According to the Brookings Institute, the suburbs have become a new battleground in the war against poverty.

At the LBJ Library you can learn about President Johnson's dream of the great society and his war on poverty.

The report issued Monday is a warning that the safety net designed to address poverty in urban centers and rural areas is in need of a major refocus.

Every day the poor and needy gather along the corner of 7th Street and Red River. They are here to get shelter, food and counseling services from several different humanitarian agencies. Some appear stuck in this way of life- but there are many others like Jeb Meredith who is trying to rebuild a broken life.

"After having everything and losing everything all in one fall, swoop, it's you know kind of hard to get back," said Meredith.

Meredith is just one face of poverty and a downtown street corner in Austin is not the only dwelling spot for it. Look beyond the manicured lawns of suburbia and you will also find the poor.

Researchers with the Brookings Institution released this report that challenges the mindset that poverty is strictly an urban problem.

The Austin profile shows that not only has the number of poor grown to a quarter of a million when compared to the population in 1970 but an urban - suburban shift is underway.

Within the past decade the rate of poverty in the suburbs has increased faster than the urban core.

Another indicator of what's taking place in metro Austin is the percentage of change in the number of students who receive free and reduced priced lunches.

Can't see the trees for the forest comes to mind. Typically when you talk about the poor in Suburbia you're dealing with a limited number of classifications like the elderly, families dealing with a medical crisis or what's commonly referred to as the working poor.

"No surprise, over the past four years we've seen our numbers increase 25 percent to 30 percent," Sherry McDonnell of Hill Country Community Ministries said.

McDonnell is with the Hill Country Community Ministries. The small non-profit has a big job keeping its store rooms full.

The organization provides food, clothing and other assistance to about 500 families every month. While the client list has grown, the caseload profile also started to change during the great recession.

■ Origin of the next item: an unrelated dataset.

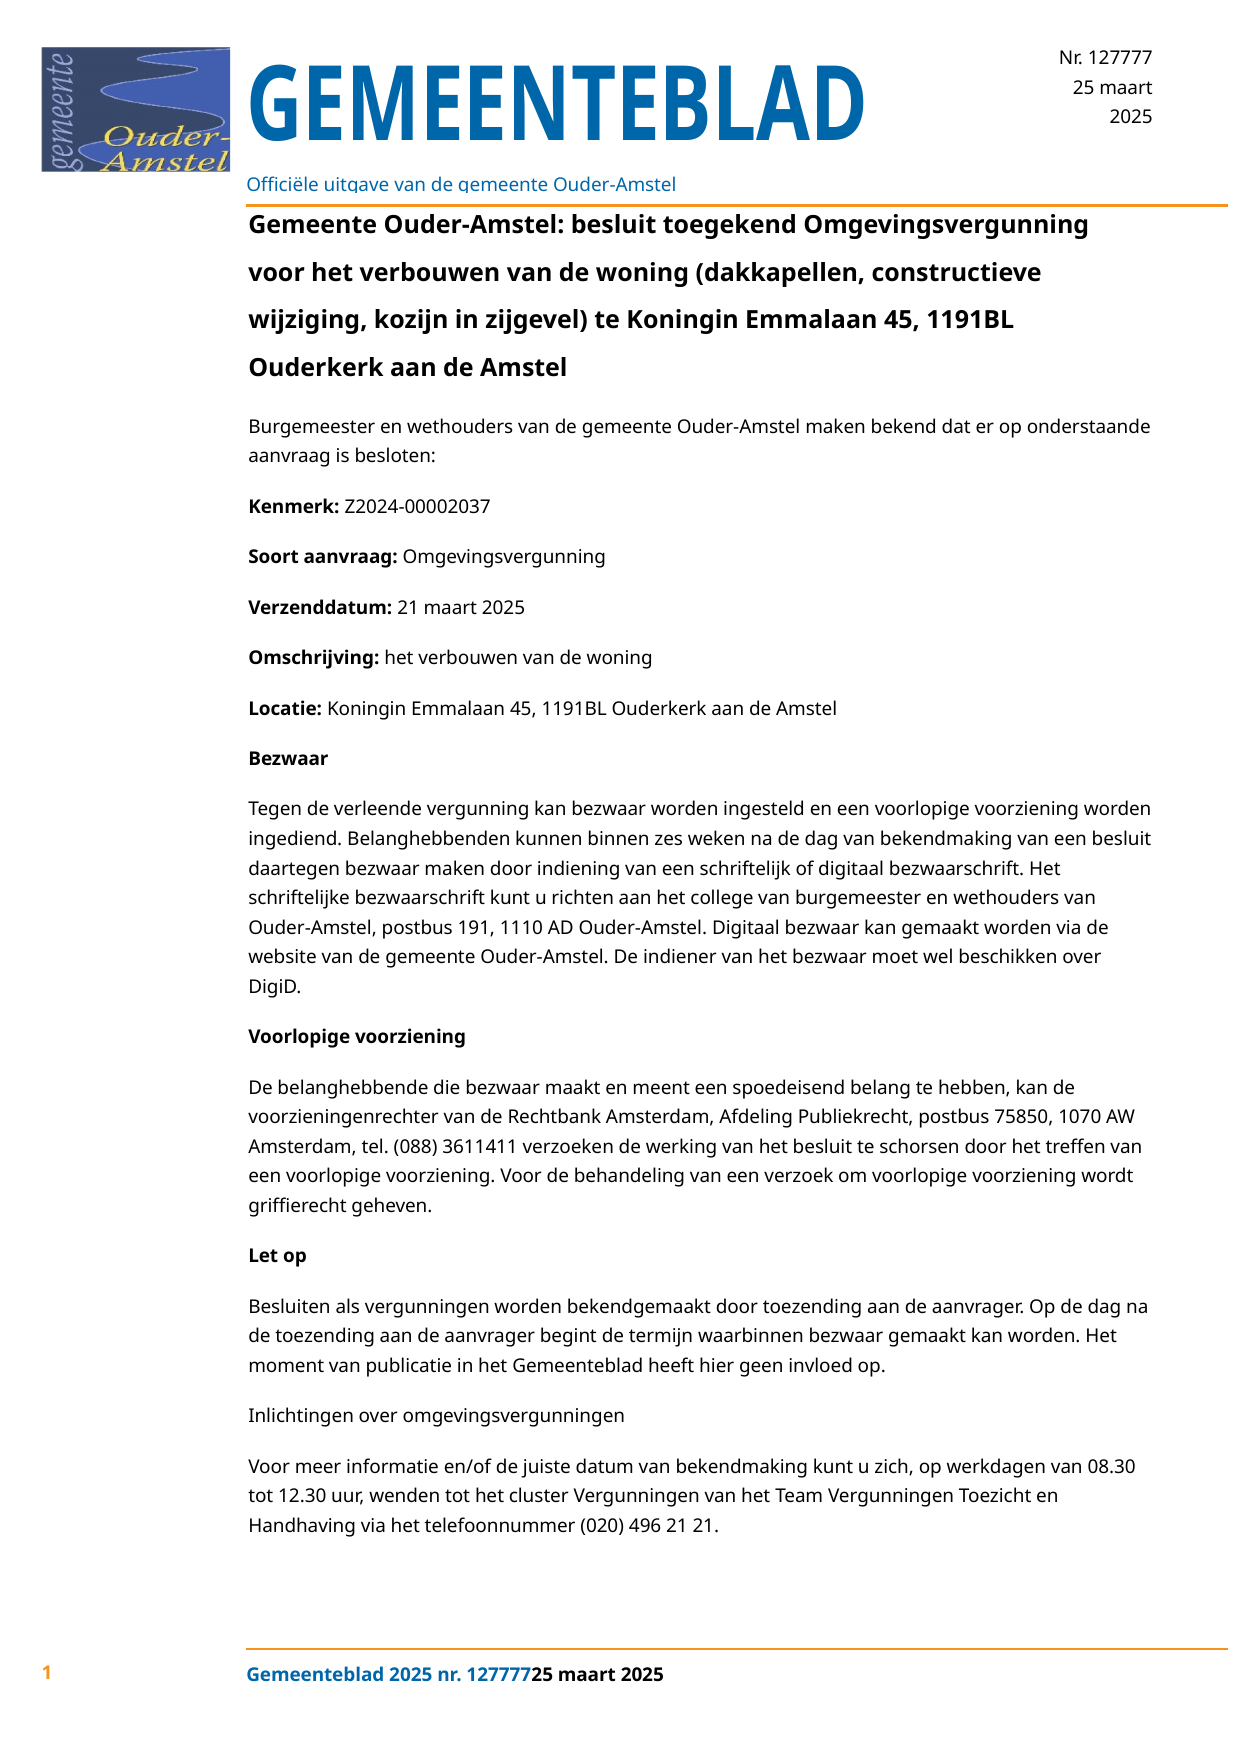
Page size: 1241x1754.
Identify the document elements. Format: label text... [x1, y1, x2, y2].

"We've had accountants and engineers and people who have used up all of their savings, 401K's and literally had no place else to turn. We've had people come in here just devastated and embarrassed quite frankly to have to ask for help," McDonnell said.

In their suburban war on poverty, organizations like Hill Country Community Ministries are struggling to keep pace.

The new report from Brookings is an attempt to get planners to recognize that resources can no longer be spent only in urban centers but refocused to address a broader regional problem.